(Recorded data)
>>>

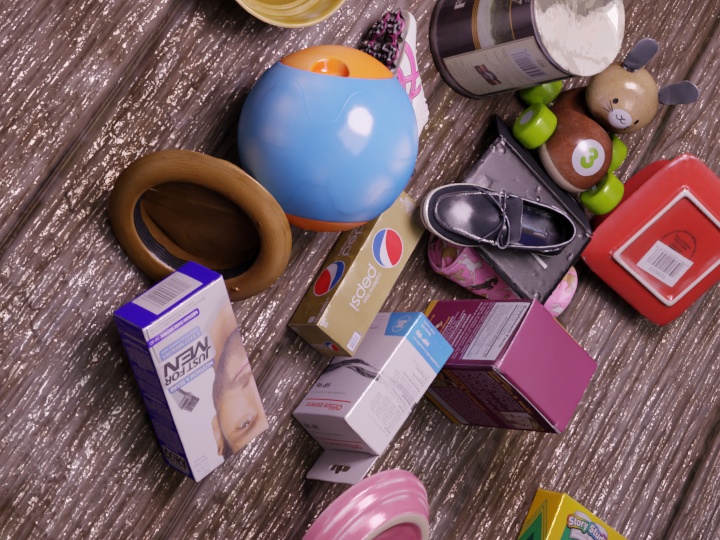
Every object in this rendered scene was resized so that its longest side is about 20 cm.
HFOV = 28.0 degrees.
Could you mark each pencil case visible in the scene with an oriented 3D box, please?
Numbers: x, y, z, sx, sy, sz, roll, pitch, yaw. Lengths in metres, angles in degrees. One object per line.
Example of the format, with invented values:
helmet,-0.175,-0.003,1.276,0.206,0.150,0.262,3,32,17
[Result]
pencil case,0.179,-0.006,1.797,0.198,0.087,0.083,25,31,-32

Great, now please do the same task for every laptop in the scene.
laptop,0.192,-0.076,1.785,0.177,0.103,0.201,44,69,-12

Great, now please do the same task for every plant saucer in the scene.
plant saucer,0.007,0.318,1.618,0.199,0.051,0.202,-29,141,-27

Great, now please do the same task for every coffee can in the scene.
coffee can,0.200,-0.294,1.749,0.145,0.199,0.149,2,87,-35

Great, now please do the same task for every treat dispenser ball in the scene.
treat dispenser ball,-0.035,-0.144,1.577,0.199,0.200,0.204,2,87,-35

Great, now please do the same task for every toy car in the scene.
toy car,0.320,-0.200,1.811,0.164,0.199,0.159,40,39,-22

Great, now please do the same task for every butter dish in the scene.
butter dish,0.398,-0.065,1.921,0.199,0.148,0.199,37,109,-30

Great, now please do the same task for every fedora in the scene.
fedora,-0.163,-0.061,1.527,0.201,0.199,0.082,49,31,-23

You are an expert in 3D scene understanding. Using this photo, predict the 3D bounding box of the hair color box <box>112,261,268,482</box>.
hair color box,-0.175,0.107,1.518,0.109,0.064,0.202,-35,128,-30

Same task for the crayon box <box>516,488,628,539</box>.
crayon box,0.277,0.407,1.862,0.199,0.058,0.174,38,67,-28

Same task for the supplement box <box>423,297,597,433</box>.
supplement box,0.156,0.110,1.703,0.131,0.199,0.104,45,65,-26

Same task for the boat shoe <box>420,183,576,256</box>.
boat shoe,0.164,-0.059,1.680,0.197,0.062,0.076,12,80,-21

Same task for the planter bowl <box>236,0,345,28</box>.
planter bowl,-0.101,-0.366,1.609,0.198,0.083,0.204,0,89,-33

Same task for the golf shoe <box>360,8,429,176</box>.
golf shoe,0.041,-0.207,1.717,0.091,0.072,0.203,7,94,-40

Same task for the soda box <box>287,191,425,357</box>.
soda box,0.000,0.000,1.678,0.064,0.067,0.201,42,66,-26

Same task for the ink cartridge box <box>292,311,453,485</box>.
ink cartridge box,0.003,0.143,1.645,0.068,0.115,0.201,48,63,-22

<<<
>>>

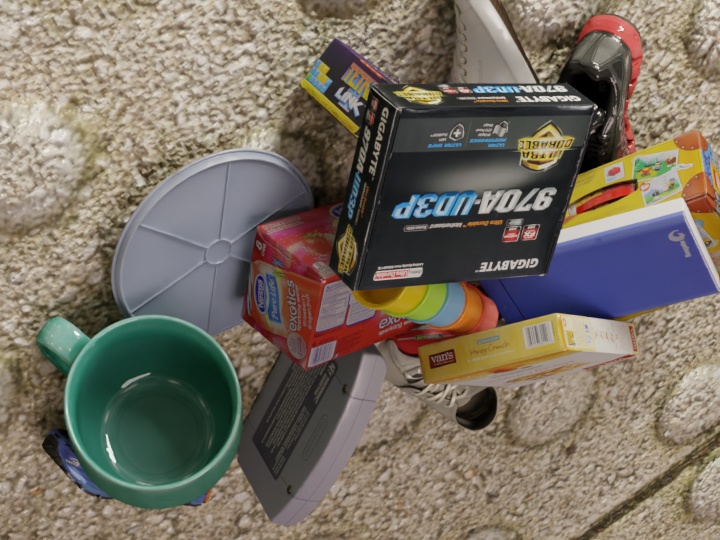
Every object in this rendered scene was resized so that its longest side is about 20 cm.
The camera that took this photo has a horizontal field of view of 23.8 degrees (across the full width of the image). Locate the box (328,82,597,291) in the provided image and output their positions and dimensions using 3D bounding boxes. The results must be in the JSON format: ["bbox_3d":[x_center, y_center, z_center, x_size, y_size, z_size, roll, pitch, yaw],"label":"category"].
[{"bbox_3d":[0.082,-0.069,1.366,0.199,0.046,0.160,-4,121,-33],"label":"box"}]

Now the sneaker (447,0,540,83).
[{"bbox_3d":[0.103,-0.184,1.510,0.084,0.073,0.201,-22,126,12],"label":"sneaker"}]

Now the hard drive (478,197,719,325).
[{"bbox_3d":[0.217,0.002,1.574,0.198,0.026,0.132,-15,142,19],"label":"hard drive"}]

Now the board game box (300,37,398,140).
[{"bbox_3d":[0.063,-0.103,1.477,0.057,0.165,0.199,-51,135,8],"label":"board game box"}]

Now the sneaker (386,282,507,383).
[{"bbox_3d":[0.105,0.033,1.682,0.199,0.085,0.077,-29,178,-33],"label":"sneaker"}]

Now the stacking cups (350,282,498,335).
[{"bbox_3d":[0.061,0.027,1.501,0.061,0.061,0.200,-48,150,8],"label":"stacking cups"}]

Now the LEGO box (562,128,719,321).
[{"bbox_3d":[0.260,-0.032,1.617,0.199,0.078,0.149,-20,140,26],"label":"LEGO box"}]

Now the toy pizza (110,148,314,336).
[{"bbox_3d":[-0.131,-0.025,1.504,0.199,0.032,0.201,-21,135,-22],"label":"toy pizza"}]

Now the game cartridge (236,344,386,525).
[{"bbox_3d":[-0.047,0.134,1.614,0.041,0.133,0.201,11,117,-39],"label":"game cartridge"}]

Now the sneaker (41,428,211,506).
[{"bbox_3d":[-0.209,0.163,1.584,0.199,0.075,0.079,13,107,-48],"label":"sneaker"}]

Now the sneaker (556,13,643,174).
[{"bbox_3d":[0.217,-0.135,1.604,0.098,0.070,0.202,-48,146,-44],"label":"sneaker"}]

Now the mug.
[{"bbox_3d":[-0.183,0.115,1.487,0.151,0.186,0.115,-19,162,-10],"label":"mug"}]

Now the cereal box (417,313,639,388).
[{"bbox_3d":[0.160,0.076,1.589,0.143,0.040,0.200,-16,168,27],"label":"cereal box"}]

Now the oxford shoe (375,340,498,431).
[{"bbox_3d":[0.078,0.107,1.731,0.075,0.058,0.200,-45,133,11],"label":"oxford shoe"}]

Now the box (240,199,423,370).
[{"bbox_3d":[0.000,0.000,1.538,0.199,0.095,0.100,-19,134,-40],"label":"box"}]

<<<

# ASSIGNED TASK
Wherever the string "with" appears in the records, copy the whole line.

# ANSWER
Could you mark each pencil case visible in the scene with an oriented 3D box, please?
Example of the format, with invented values:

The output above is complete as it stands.